[Records drawn from a dataset]
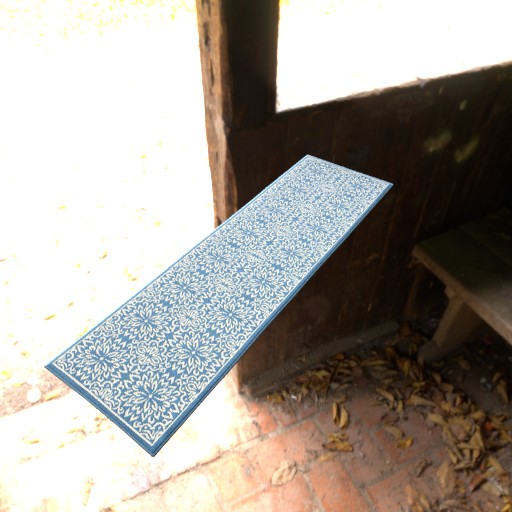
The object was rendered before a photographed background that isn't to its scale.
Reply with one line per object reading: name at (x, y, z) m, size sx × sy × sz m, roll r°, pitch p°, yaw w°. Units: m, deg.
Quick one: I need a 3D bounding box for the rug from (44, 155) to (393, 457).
rug at (0.000, 0.000, 2.411) m, size 0.662 × 0.011 × 2.196 m, roll 26°, pitch 48°, yaw 25°
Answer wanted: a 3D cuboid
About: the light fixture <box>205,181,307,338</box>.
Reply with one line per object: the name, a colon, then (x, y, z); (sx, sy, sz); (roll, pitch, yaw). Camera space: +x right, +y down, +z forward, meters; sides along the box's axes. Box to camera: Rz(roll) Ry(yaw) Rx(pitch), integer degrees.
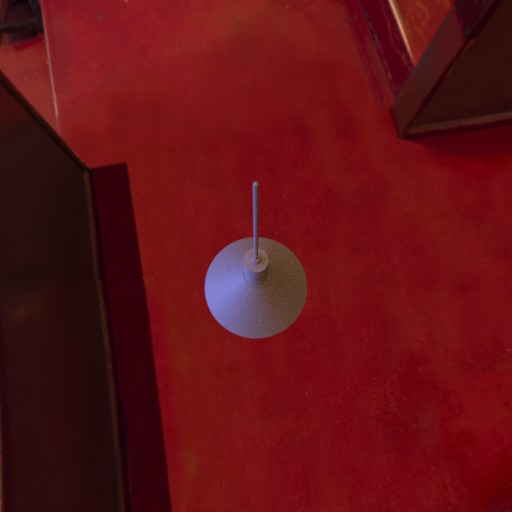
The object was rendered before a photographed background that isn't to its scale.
light fixture: (0.000, 0.000, 0.835); (0.267, 0.683, 0.267); (-13, 76, -3)
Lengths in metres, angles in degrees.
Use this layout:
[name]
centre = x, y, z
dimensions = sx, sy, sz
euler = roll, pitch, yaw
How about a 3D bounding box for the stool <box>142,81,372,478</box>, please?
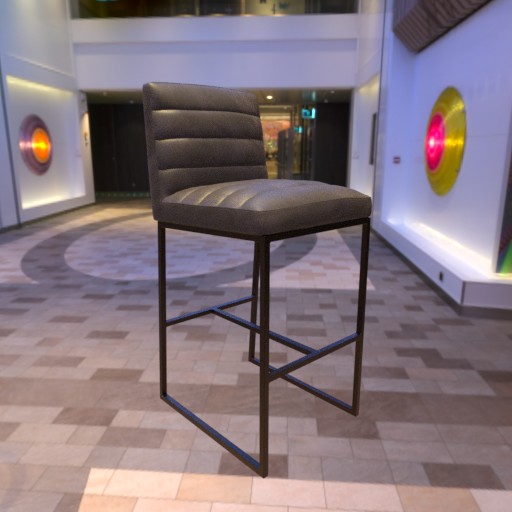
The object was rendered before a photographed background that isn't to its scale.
[stool]
centre = 0.000, 0.000, 1.402
dimensions = 0.463, 1.065, 0.562
euler = -12, 18, -41
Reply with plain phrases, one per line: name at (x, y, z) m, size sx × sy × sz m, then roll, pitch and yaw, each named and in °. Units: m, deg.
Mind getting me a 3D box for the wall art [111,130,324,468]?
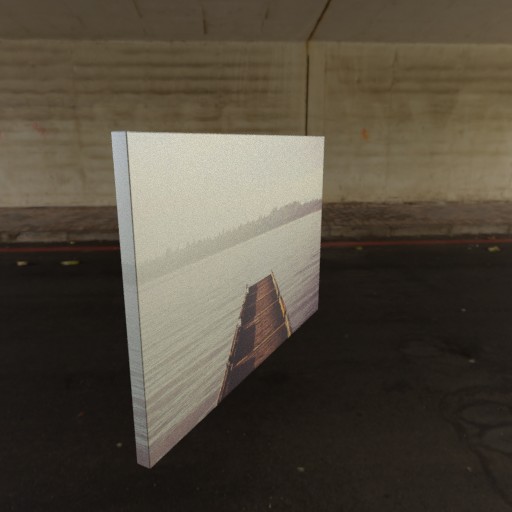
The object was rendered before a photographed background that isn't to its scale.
wall art at (0.000, 0.000, 0.774) m, size 0.021 × 0.410 × 0.615 m, roll 7°, pitch 16°, yaw 27°
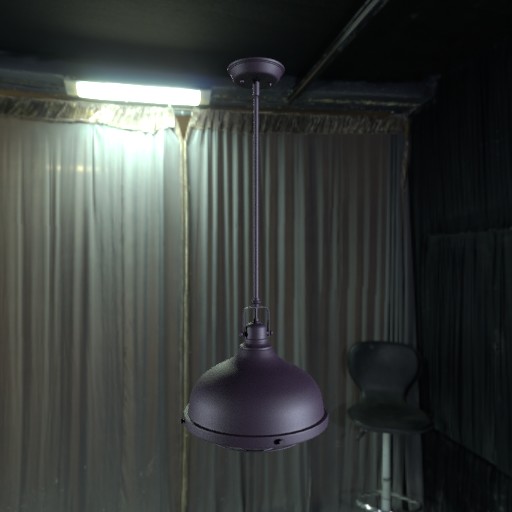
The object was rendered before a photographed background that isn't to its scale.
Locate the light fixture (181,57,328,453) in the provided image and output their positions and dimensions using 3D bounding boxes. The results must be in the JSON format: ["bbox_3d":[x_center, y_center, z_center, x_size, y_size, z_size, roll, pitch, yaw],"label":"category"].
[{"bbox_3d":[0.000,0.000,1.011,0.341,0.849,0.341,0,0,-17],"label":"light fixture"}]
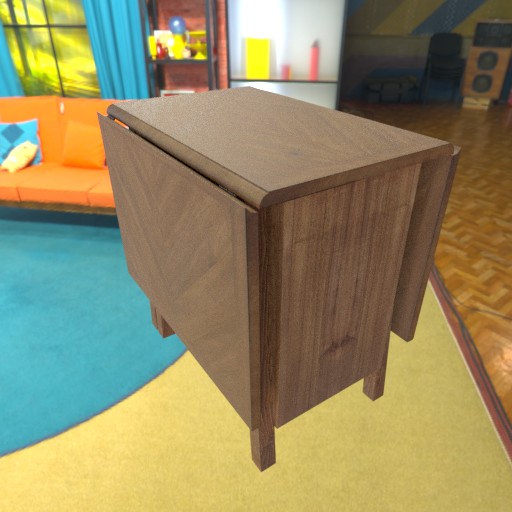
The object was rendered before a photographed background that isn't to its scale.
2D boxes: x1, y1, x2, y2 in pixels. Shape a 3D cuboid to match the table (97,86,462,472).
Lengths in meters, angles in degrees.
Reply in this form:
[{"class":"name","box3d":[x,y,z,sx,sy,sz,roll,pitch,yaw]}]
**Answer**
[{"class":"table","box3d":[0.000,0.000,1.624,0.701,0.981,0.967,-19,36,-29]}]
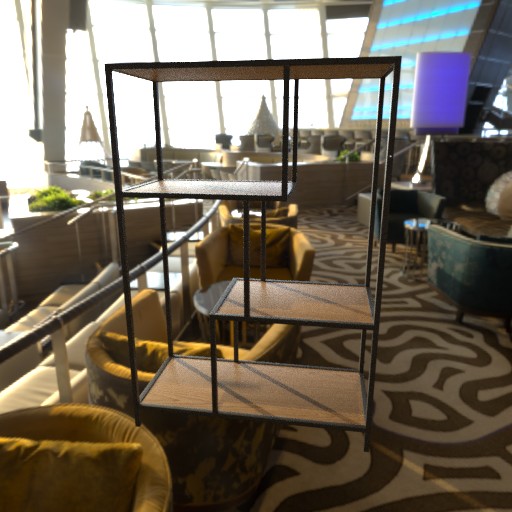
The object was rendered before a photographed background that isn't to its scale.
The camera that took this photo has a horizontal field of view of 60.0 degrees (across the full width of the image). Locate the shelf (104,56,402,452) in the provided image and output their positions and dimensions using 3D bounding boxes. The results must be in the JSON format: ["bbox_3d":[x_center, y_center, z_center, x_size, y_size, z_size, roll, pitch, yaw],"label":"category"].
[{"bbox_3d":[0.000,0.000,1.450,0.770,1.138,0.350,3,16,9],"label":"shelf"}]
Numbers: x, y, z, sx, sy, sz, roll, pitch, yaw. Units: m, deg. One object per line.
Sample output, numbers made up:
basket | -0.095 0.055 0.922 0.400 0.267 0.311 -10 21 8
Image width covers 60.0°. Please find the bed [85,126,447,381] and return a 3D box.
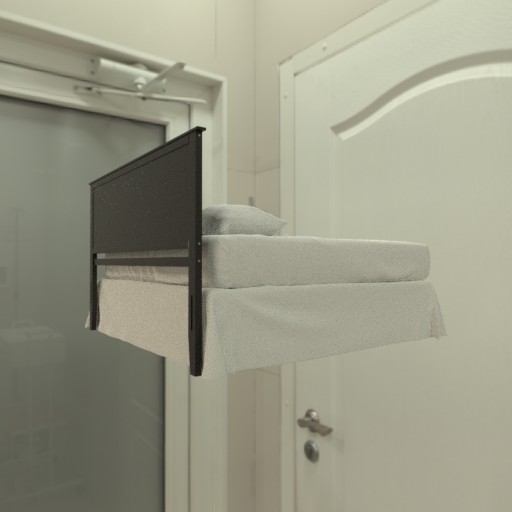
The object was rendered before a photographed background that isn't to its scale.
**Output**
bed | 0.000 0.000 3.700 2.219 1.271 2.315 1 -1 -36
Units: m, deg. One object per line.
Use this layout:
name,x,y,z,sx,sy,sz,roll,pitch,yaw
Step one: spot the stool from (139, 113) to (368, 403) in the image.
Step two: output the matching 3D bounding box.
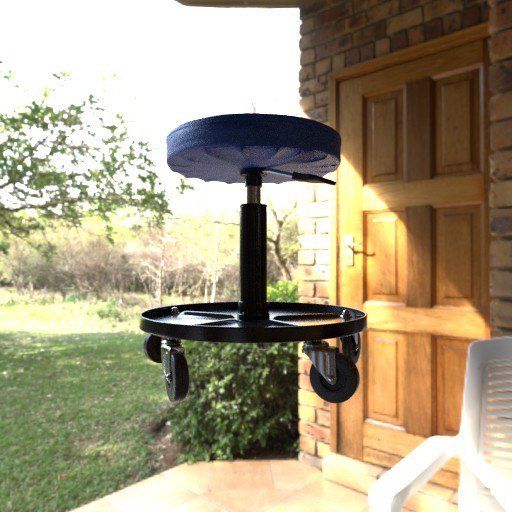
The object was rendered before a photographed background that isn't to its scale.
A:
stool,0.000,0.000,0.689,0.382,0.365,0.381,-1,-1,36
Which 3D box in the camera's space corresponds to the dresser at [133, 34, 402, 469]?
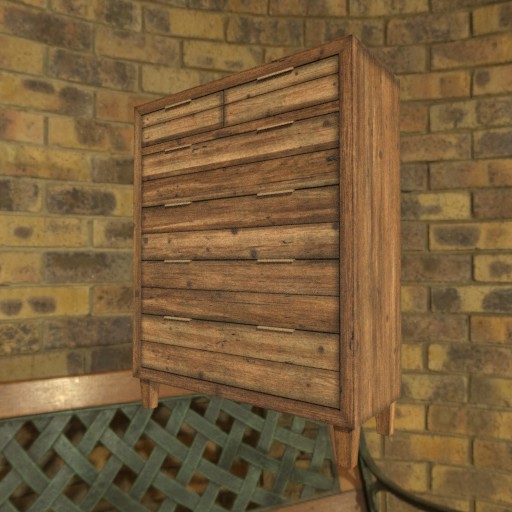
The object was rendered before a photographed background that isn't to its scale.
[{"bbox_3d":[0.000,0.000,1.849,1.067,1.359,0.438,-1,-1,37],"label":"dresser"}]
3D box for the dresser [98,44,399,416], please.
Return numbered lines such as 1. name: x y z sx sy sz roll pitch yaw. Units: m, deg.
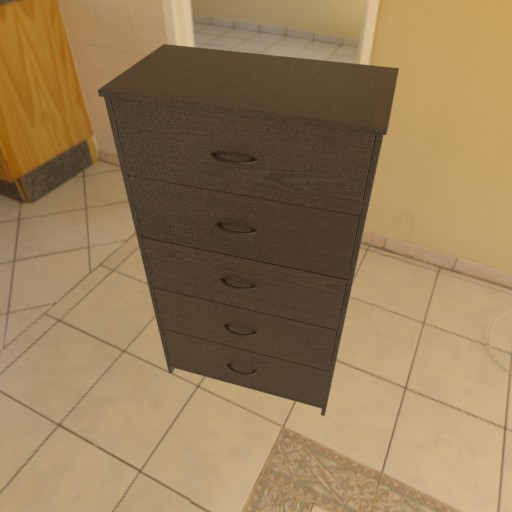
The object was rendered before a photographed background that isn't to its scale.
1. dresser: 0.000 0.000 1.576 0.704 1.254 0.418 12 44 13
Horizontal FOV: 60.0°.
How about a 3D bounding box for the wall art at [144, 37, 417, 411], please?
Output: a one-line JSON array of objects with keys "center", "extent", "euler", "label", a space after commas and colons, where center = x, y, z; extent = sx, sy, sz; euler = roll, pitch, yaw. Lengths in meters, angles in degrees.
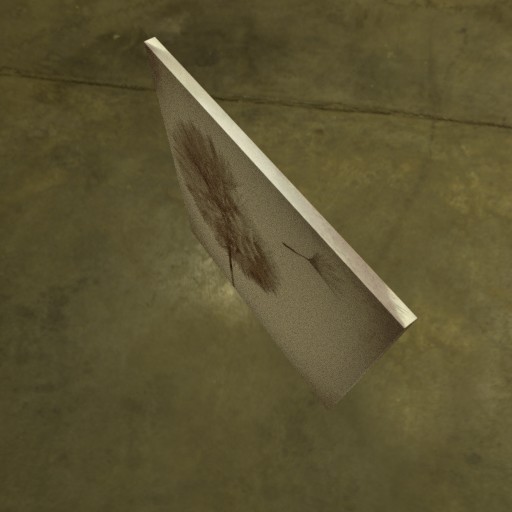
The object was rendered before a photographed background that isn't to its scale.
[{"center": [0.000, 0.000, 1.116], "extent": [0.027, 0.762, 0.762], "euler": [-32, 67, -16], "label": "wall art"}]
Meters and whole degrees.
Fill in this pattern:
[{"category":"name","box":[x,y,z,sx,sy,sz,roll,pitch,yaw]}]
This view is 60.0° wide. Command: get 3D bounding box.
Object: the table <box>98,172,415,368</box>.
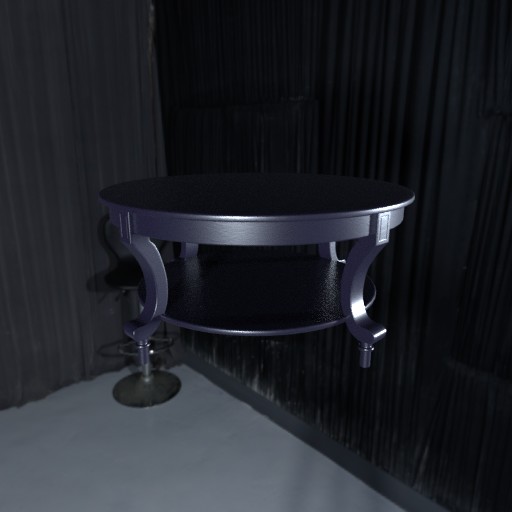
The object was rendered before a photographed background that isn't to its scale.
[{"category":"table","box":[0.000,0.000,1.583,1.029,0.491,1.029,0,16,0]}]
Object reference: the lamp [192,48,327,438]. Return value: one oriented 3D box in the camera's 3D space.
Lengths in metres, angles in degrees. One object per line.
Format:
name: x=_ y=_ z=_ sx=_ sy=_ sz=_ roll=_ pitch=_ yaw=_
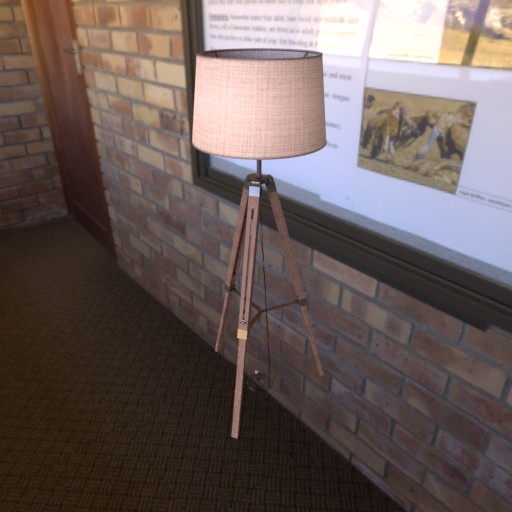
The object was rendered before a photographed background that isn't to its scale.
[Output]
lamp: x=0.000 y=0.000 z=1.816 sx=0.604 sy=1.510 sz=0.587 roll=8 pitch=30 yaw=15
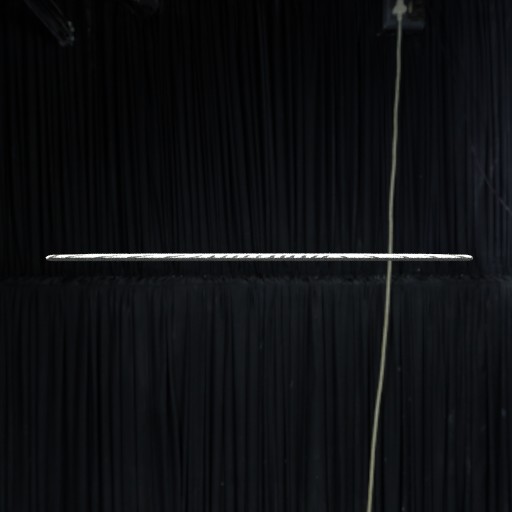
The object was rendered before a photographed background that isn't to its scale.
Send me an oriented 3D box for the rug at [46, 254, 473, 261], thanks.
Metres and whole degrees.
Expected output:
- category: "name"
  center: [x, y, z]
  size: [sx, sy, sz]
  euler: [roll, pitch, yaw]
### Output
- category: "rug"
  center: [0.000, 0.000, 3.105]
  size: [1.829, 0.028, 2.449]
  euler: [0, 0, -1]
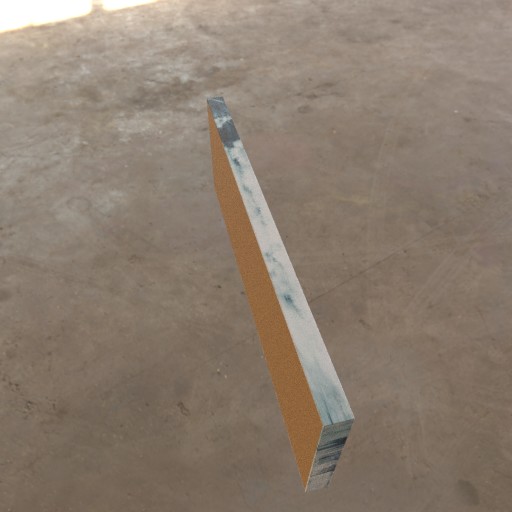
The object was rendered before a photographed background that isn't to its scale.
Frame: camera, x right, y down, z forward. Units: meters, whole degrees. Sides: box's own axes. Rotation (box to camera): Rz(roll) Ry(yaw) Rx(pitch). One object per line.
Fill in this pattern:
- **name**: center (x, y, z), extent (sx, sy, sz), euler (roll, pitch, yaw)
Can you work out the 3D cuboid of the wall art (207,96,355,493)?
- **wall art**: center (0.000, 0.000, 0.832), extent (0.037, 0.251, 0.759), euler (-10, 48, -10)
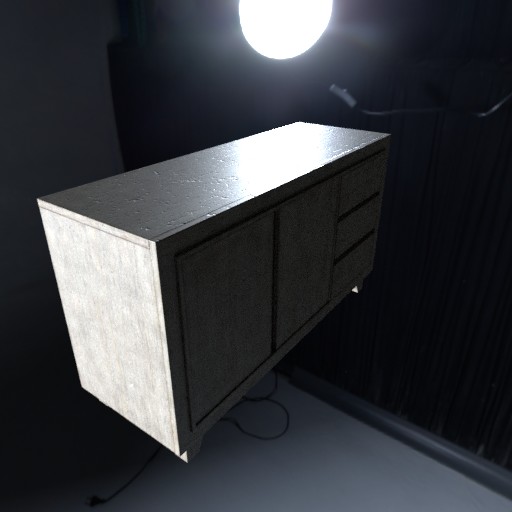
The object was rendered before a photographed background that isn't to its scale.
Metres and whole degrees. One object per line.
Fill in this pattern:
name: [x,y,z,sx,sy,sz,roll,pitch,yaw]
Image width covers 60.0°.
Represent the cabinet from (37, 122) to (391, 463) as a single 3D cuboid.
cabinet: [0.000,0.000,1.866,0.511,0.825,1.460,19,33,32]
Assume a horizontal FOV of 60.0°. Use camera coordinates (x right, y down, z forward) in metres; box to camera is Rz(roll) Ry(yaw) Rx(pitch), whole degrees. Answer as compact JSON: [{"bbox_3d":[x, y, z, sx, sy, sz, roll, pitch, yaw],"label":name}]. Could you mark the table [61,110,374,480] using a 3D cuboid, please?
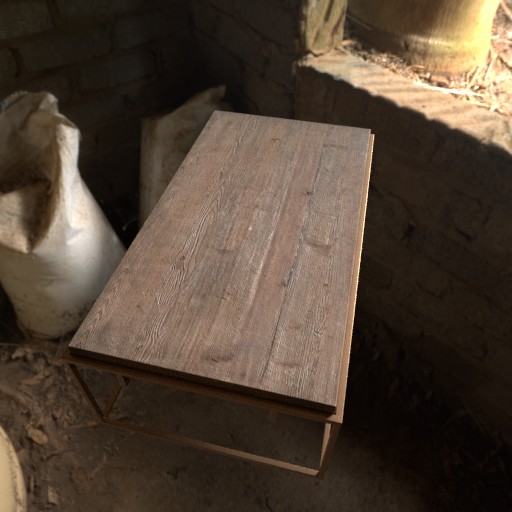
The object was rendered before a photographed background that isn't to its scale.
[{"bbox_3d":[0.000,0.000,1.768,0.775,0.468,1.387,10,47,9],"label":"table"}]
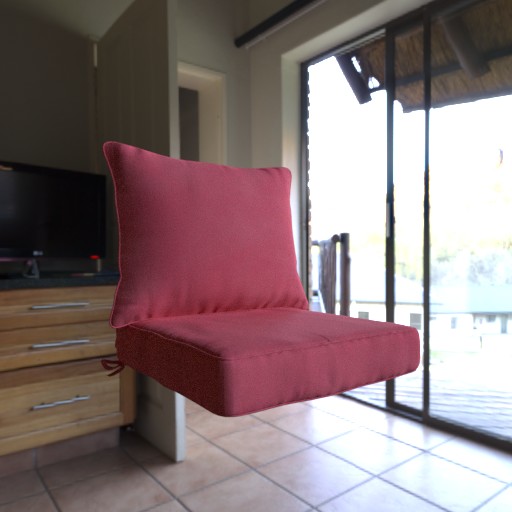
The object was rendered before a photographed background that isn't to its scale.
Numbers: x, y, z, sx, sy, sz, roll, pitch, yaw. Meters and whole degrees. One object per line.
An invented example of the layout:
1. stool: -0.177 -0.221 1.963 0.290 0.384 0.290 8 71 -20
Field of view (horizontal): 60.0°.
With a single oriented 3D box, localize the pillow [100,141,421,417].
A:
1. pillow: 0.000 0.000 1.375 0.798 0.725 0.733 0 0 -36
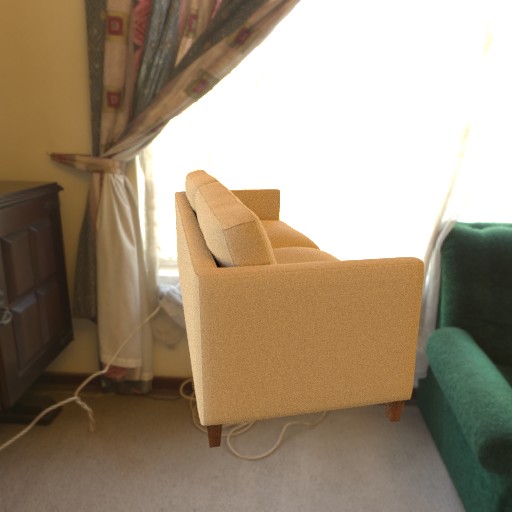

EXERCISE DIRECTIONS.
Answer with a number alone: how many lines of the records contain the string "Step"?

WRITTEN SOLUTION.
2